[Records drawn from a dataset]
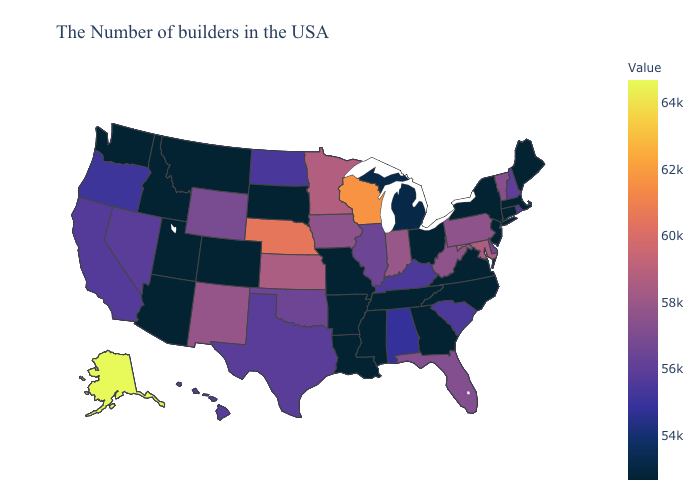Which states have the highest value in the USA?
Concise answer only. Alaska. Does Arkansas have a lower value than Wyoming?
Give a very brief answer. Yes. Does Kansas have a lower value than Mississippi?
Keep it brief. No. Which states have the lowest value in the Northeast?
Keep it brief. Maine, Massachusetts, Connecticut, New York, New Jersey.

Your objective »
Transcribe the records above exactly, without images.

Written response »
Which states have the highest value in the USA?
Concise answer only. Alaska. Does Arkansas have a lower value than Wyoming?
Give a very brief answer. Yes. Does Kansas have a lower value than Mississippi?
Keep it brief. No. Which states have the lowest value in the Northeast?
Keep it brief. Maine, Massachusetts, Connecticut, New York, New Jersey.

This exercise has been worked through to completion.